My First Turkey

As we all know, I live by a “go big or go home” philosophy. If something’s worth doing, it’s worth going full tilt, right? In keeping with this, I decided that for my first Thanksgiving as an unvegetarian in the last decade and a half, I should cook a turkey. However, seeing as I had never cooked a turkey before, I was hesitant to invite anyone over to eat said turkey, because I didn’t want there to be any pressure on me in case the turkey turned out to be overcooked and dry or salmonella-licious! Also, the first time I cook *anything*, I find I have to really concentrate to not screw it up, so I’d be a terrible hostess if I invited anyone over and tried to cook a turkey dinner while I entertained. So, instead, I decide to cook a turkey for just me!

My first step was to find a good local butcher shop where I could buy a turkey that had happily run around, eating non-animal foodstuffs and gobble-gobble-gobbling with his turkey friends until such time as someone killed him in the most humane way possible so that I could eat him. I ended up ordering at turkey from Prime Beef in Delta – despite their name, they have lots of animals for you to cook besides cows! Now, I asked for the smallest bird they could get me, which they said would be about 10 lbs. Ten pounds is a lot of bird for one small Beth, but I am a fan of leftovers and turkey freezes well, so I decided to go for it. When I got there to pick it up on Saturday, however, I discovered that the smallest turkey they had, which they reserved for me was this one:

Free range turkey.
My Thanksgiving turkey. I believe his name was Colin.

Yes, you are reading that correctly. That’s a *sixteen* pound turkey! All for one person! Eep! Thank the FSM that turkey freezes well!

Anyway, after carefully following the directions that my sister gave me, I ended up with this:

My first turkey

Not a bad looking turkey, if I do say so myself!

Now, some random thoughts on cooking a turkey dinner:

  • Preparing the turkey brought me back to my lab days. I examined the giblets – “Yup, that’s a liver.

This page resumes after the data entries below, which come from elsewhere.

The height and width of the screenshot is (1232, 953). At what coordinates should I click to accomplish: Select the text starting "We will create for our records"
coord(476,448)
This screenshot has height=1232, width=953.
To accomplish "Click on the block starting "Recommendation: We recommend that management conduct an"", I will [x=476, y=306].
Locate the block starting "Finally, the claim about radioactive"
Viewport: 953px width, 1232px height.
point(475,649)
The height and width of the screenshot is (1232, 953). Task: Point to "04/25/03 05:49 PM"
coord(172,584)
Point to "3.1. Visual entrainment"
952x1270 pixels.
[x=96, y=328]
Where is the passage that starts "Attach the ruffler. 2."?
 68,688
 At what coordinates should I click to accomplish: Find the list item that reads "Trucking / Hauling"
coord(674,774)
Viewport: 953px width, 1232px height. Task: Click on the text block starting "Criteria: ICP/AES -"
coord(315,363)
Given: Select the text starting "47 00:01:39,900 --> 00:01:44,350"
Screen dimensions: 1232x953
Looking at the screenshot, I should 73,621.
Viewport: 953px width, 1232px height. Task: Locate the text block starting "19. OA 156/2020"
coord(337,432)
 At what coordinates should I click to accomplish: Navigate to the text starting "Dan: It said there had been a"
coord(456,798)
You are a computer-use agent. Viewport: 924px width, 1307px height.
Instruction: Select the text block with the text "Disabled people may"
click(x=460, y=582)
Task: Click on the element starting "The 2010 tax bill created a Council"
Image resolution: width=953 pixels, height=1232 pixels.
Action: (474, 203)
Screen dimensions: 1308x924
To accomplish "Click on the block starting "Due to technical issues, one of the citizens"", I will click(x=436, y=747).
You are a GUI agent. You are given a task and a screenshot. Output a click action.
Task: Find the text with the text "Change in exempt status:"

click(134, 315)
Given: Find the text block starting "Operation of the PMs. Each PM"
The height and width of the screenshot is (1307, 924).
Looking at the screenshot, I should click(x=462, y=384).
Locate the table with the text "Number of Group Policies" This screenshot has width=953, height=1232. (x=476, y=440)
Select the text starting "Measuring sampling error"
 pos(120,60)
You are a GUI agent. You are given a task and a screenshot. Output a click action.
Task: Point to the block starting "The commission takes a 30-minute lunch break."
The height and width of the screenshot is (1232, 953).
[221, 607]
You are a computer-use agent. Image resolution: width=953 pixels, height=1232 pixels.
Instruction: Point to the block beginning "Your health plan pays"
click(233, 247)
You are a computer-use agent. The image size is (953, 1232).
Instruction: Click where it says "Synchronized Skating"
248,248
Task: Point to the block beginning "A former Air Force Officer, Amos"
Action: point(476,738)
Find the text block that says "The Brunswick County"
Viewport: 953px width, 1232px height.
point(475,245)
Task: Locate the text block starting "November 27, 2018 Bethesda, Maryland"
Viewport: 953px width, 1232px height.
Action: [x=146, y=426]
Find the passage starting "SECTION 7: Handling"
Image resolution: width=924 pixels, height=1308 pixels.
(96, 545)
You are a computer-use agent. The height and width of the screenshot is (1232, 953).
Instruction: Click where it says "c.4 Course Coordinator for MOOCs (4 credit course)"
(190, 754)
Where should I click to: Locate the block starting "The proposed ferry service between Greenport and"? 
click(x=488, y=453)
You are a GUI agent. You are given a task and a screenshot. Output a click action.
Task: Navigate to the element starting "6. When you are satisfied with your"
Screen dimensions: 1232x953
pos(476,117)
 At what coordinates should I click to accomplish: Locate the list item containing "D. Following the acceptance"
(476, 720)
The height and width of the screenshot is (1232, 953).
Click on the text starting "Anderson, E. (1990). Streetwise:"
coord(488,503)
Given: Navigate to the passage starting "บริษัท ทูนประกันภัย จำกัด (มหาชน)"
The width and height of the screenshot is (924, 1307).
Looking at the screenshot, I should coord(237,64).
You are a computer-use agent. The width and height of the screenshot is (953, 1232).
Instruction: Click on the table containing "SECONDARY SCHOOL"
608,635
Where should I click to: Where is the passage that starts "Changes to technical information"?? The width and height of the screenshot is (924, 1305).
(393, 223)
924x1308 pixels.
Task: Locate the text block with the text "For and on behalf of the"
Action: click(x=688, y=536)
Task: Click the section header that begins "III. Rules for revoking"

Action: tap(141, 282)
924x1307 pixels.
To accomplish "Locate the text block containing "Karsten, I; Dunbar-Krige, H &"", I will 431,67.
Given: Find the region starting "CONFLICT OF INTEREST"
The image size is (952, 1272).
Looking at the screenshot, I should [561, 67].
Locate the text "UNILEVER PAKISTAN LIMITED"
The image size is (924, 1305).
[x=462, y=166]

And yup, that’s a heart. And, wow, that’s one heck of a long neck!” – and checked out the bones and flexed the joints – “These all seem to be in working order.” When I cut up the meat at the end, I was totally checking out the different muscles and where they inserted into the various bones. So awesome. Also, a turkey baster is just a giant pipette.
  • Once it turned out that my turkey was moist and delicious, I really wished I’d invited people over to share it with me!
  • It’s not that difficult to cook a turkey, but it is time consuming.
  • I also made a boatload of sides dishes, because it’s not a Thanksgiving dinner without them. Side dishes included:
    • roast garlic mashed potatoes
    • mashed turnips
    • steamed carrots and peas
    • baked brussel sprouts
    • Harvard beets1
    • stuffing
    • homemade cranberry sauce, made by my friend Lianna!
  • When I cook, probably my biggest weakness is not coordinating things so that everything is ready at the same time. Often, this is because I forgot that two things need the same pot until I’m partway through making them – and I have a limited number of pots – and thus something ends up done too early and gets cold and other things end up too late. To deal with this problem, I made the following Gantt chart:

Thanksgiving dinner Gantt chart

The great thing about the Gantt chart was that I could start laying up prep & cooking times and make sure that I wasn’t going to need the same pot for two things at the same time (Resource column), or to make sure that I didn’t have myself scheduled to be preparing two different things at the same time (represented in blue, I just had to make sure that I didn’t have more than one blue square at any one time slot). It took a bit of shuffling around to get it to work, but once it was set up, it allowed me to quickly look and see what the next thing I needed to do was. Best. Gantt Chart. Ever!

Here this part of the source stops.